INPUT DATA:
= = = = = = =
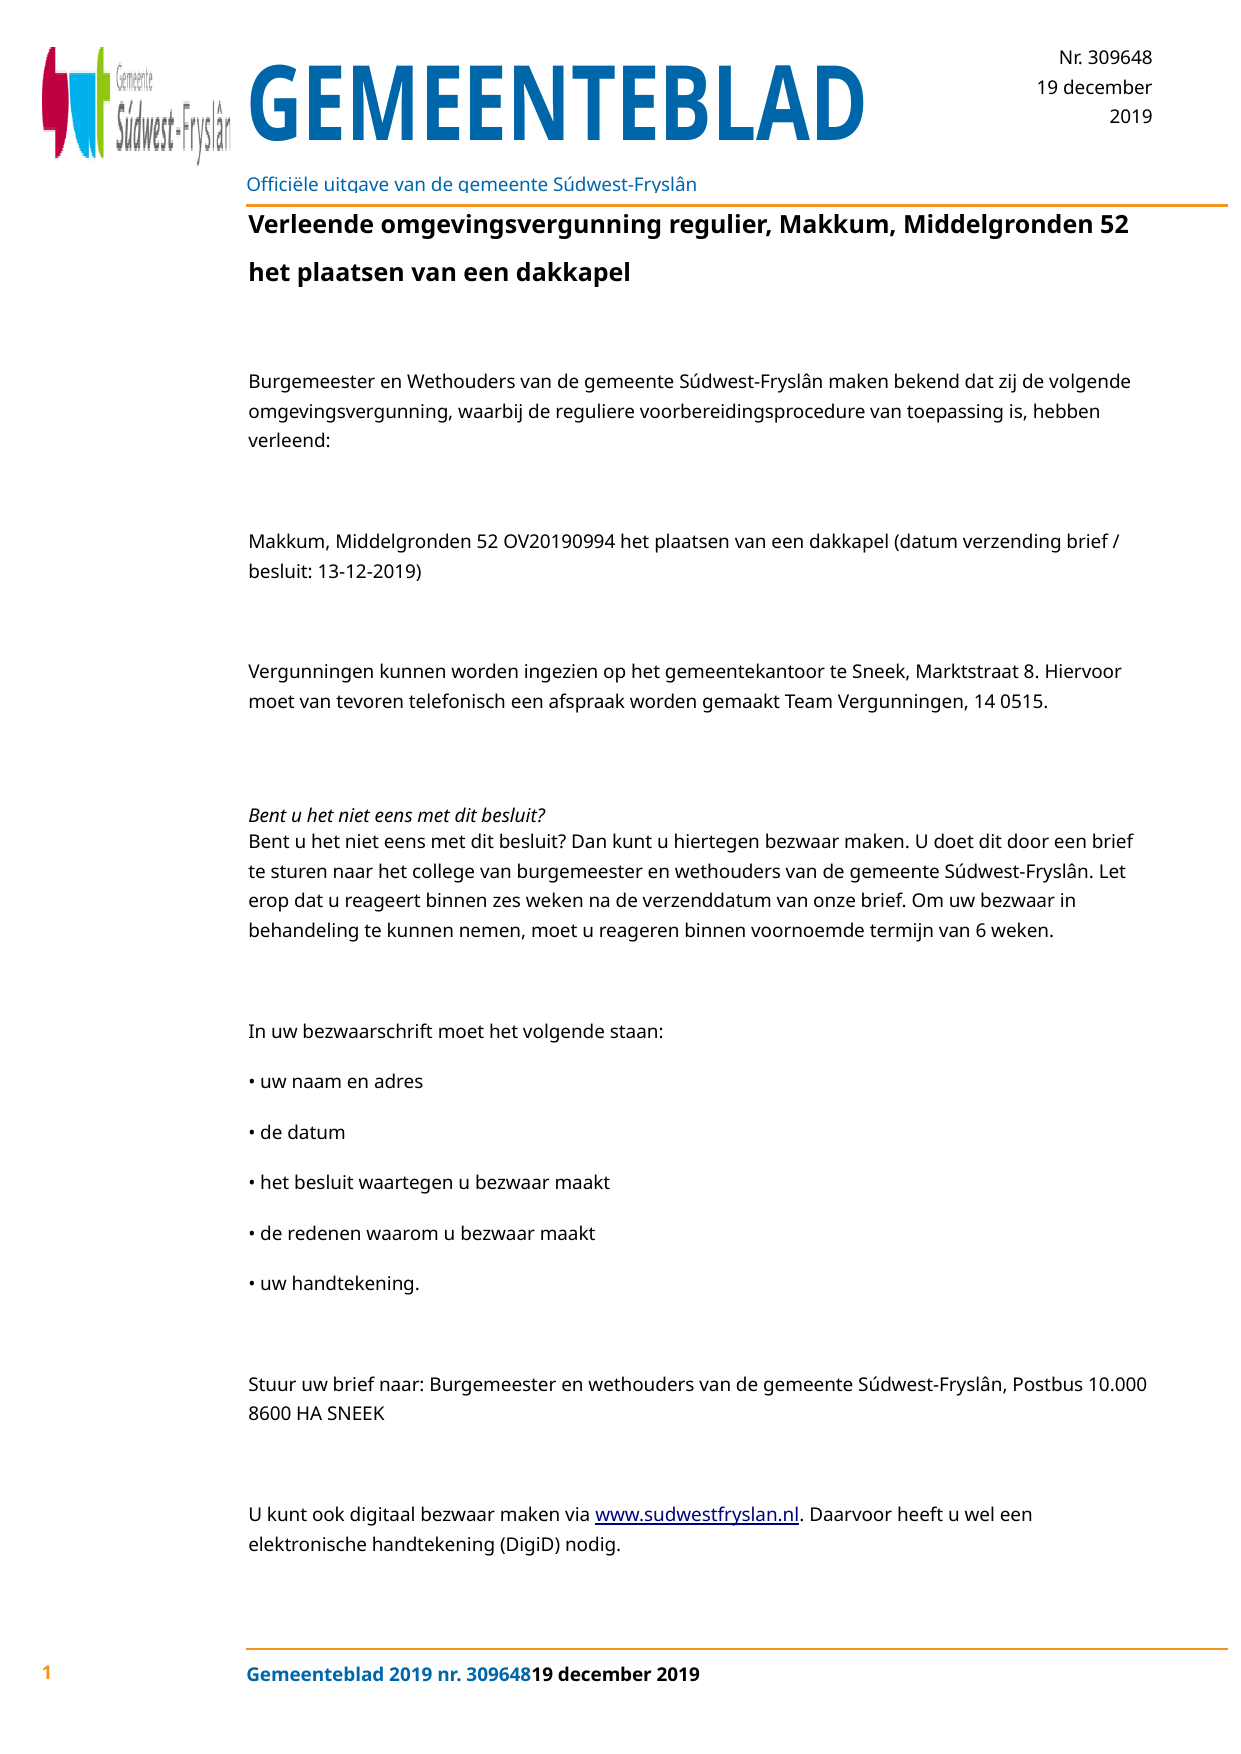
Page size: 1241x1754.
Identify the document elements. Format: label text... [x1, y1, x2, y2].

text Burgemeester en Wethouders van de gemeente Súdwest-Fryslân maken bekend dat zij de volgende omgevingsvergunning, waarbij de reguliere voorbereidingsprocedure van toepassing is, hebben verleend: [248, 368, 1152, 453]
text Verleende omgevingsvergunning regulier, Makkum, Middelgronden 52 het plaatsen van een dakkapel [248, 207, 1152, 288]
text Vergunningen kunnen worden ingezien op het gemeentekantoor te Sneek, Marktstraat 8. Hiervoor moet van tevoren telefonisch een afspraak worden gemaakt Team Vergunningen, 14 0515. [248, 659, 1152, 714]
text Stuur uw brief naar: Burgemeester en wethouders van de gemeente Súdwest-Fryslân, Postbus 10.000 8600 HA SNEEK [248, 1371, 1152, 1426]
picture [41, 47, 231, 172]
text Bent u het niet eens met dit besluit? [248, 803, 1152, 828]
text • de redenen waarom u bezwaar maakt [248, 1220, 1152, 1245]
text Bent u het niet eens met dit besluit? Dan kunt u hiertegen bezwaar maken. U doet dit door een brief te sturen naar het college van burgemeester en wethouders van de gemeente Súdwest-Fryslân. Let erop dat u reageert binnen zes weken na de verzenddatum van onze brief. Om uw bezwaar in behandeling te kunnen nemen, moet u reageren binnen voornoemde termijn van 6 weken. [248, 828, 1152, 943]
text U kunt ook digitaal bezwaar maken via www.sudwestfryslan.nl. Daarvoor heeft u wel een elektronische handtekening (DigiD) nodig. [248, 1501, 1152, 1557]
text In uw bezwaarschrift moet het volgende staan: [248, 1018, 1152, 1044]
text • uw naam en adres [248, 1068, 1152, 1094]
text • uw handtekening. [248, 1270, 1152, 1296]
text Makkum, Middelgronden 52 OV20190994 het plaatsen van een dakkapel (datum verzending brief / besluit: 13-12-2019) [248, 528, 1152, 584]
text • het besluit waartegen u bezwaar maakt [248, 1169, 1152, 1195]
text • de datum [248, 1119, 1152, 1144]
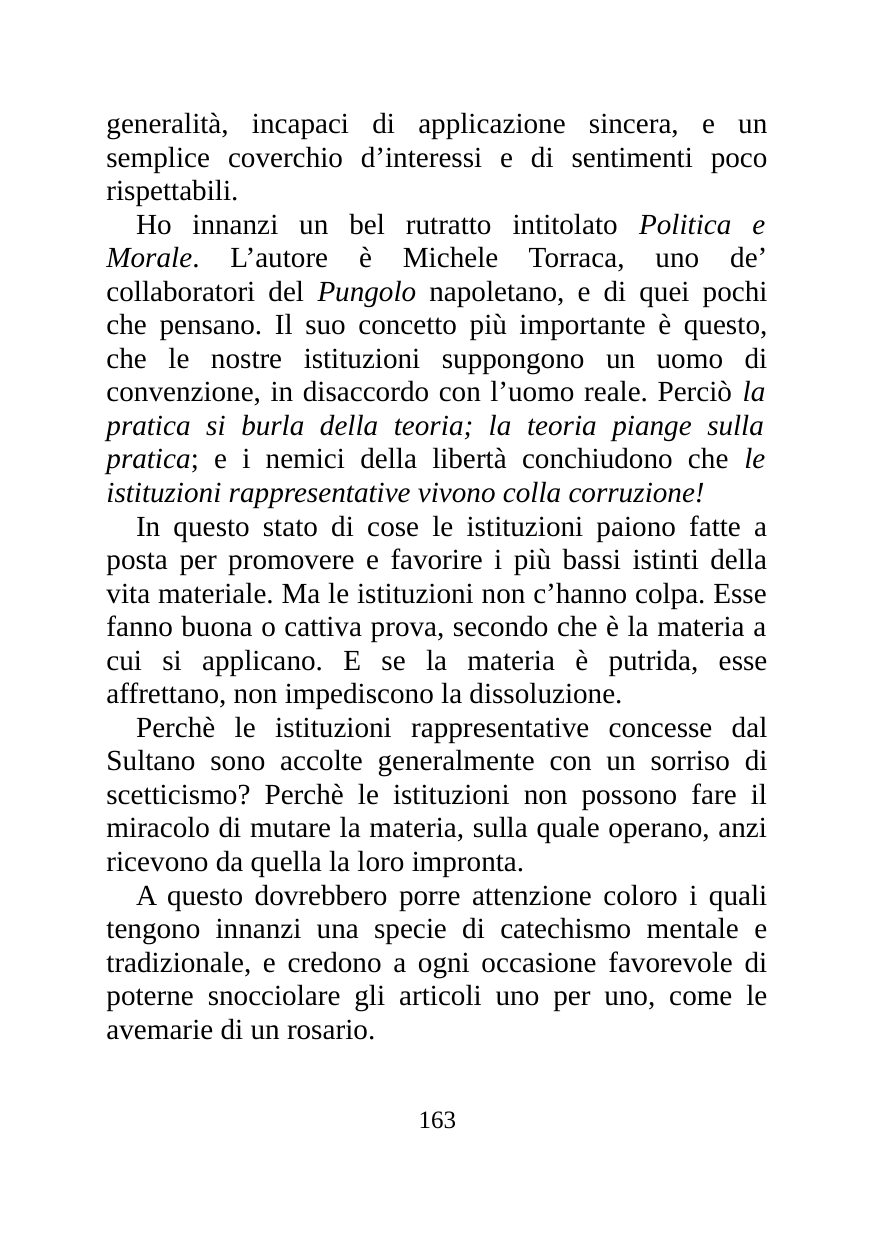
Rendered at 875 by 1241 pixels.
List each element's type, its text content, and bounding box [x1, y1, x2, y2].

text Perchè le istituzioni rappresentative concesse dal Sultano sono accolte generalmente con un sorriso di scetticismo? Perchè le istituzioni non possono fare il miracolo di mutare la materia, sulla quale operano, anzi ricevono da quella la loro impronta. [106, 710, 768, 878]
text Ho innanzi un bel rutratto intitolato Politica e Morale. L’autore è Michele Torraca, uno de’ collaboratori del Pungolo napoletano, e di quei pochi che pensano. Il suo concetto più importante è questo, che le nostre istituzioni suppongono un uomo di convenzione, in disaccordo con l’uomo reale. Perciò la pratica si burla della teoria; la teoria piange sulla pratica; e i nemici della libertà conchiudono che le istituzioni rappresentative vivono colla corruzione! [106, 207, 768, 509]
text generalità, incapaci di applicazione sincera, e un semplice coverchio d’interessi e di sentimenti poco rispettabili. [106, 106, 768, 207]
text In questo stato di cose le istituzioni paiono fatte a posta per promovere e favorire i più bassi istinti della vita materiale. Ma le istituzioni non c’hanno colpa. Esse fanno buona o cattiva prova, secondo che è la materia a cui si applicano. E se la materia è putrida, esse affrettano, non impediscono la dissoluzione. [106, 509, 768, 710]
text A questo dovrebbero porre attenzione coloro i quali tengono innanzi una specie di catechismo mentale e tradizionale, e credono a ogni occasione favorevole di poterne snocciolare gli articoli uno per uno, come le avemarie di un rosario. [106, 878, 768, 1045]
= = = = = = =
YOUR INSTRUCTIONS:
There is a line with "text Stuur uw" and a line with "text Bent u het niet eens met dit besluit? Dan" above. Copy exactly those two lines and all lines between them, with nothing else.

REPLY TO THE EXERCISE:
text Stuur uw brief naar: Burgemeester en wethouders van de gemeente Súdwest-Fryslân, Postbus 10.000 8600 HA SNEEK [248, 1371, 1152, 1426]
picture [41, 47, 231, 172]
text Bent u het niet eens met dit besluit? [248, 803, 1152, 828]
text • de redenen waarom u bezwaar maakt [248, 1220, 1152, 1245]
text Bent u het niet eens met dit besluit? Dan kunt u hiertegen bezwaar maken. U doet dit door een brief te sturen naar het college van burgemeester en wethouders van de gemeente Súdwest-Fryslân. Let erop dat u reageert binnen zes weken na de verzenddatum van onze brief. Om uw bezwaar in behandeling te kunnen nemen, moet u reageren binnen voornoemde termijn van 6 weken. [248, 828, 1152, 943]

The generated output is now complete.